What you are looking for is parallel which is a succinct concurrency API for PHP 7.2+
$runtime = new \parallel\Runtime();
$future = $runtime->run(function() {
for ($i = 0; $i < 500; $i++) {
echo "*";
}
return "easy";
});
for ($i = 0; $i < 500; $i++) {
echo ".";
}
printf("\nUsing \\parallel\\Runtime is %s\n", $future->value());
Output:
.*.*.*.*.*.*.*.*.*.*.*.*.*.*.*.*.*..*.*.*.*.*.*.*.*.*.*.*.*.*.*.*.*.*.*.*.*.*.*.*.*
Using \parallel\Runtime is easy
Have a look at pcntl_fork. This allows you to spawn child processes which can then do the separate work that you need.
Not sure if a solution for your situation but you can redirect the output of system calls to a file, thus PHP will not wait until the program is finished. Although this may result in overloading your server.
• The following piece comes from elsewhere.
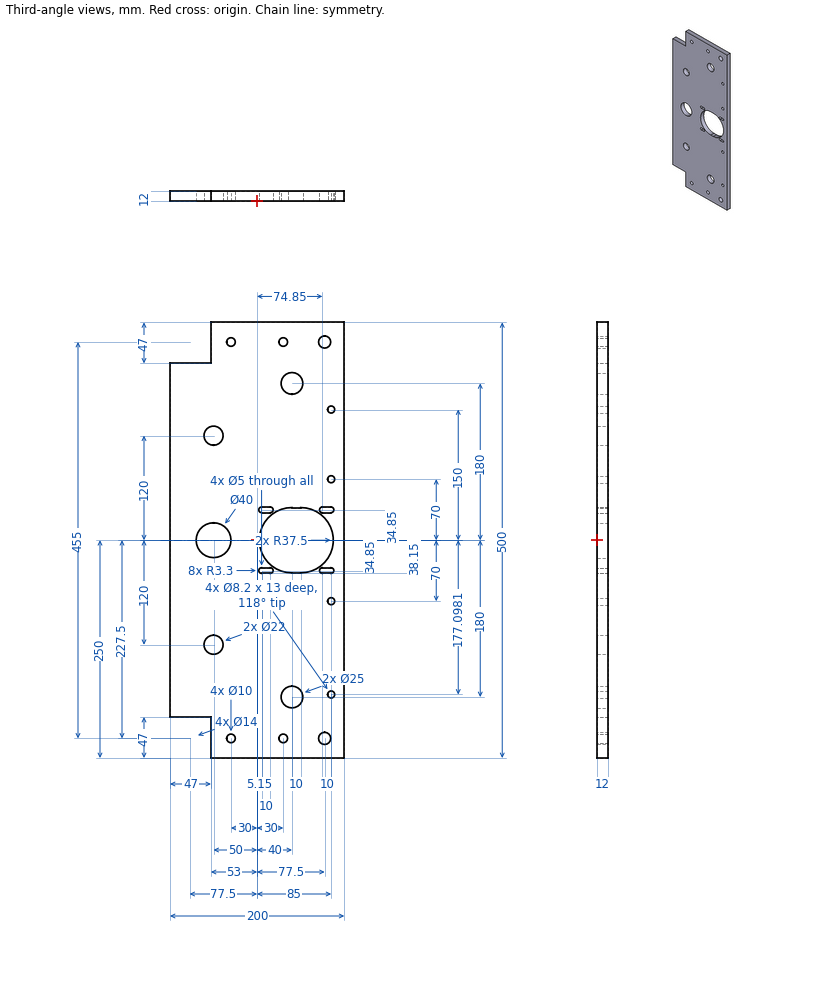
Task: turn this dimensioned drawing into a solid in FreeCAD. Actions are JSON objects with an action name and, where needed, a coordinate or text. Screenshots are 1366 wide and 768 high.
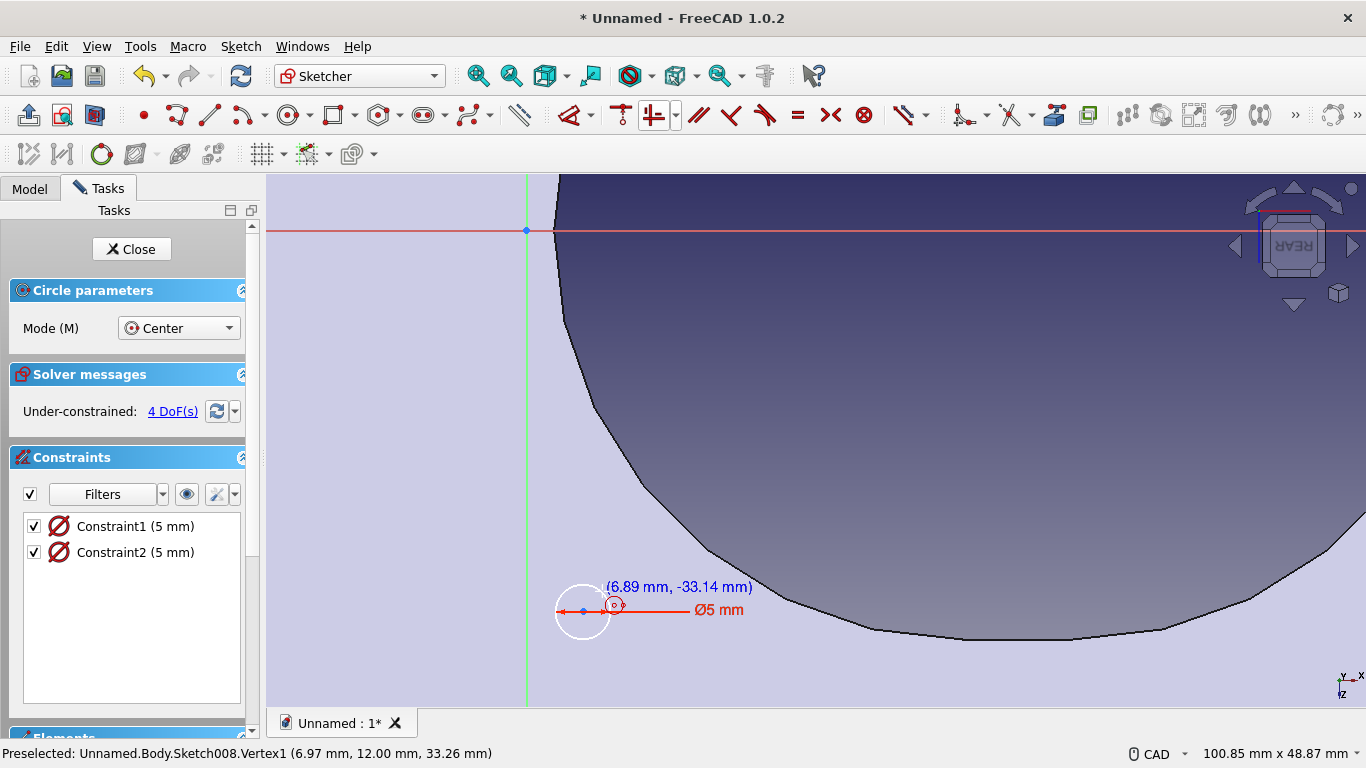
{"action": "scroll", "coordinate": [583, 612], "scroll_direction": "down", "scroll_amount": 4}

http://www.php.net/manual/en/function.exec.php - If a program is started with this function, in order for it to continue running in the background, the output of the program must be redirected to a file or another output stream. Failing to do so will cause PHP to hang until the execution of the program ends.
There's Guzzle with its concurrent requests
use GuzzleHttp\Client;
use GuzzleHttp\Promise;
$client = new Client(['base_uri' => 'http://httpbin.org/']);
$promises = [
'image' => $client->getAsync('/image'),
'png' => $client->getAsync('/image/png'),
'jpeg' => $client->getAsync('/image/jpeg'),
'webp' => $client->getAsync('/image/webp')
];
$responses = Promise\Utils::unwrap($promises);
There's the overhead of promises; but more importantly Guzzle only works with HTTP requests and it works with version 7+ and frameworks like Laravel.